- **Data for the task**:
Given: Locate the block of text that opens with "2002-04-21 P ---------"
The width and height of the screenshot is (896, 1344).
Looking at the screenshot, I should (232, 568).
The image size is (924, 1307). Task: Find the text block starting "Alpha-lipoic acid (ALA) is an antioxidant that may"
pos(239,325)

- **Task description**:
Copy out exactly the lines between the line with "The image size" and the last line of the entries, counting both of those lines.

- **Exercise output**:
The image size is (924, 1307). Task: Find the text block starting "Alpha-lipoic acid (ALA) is an antioxidant that may"
pos(239,325)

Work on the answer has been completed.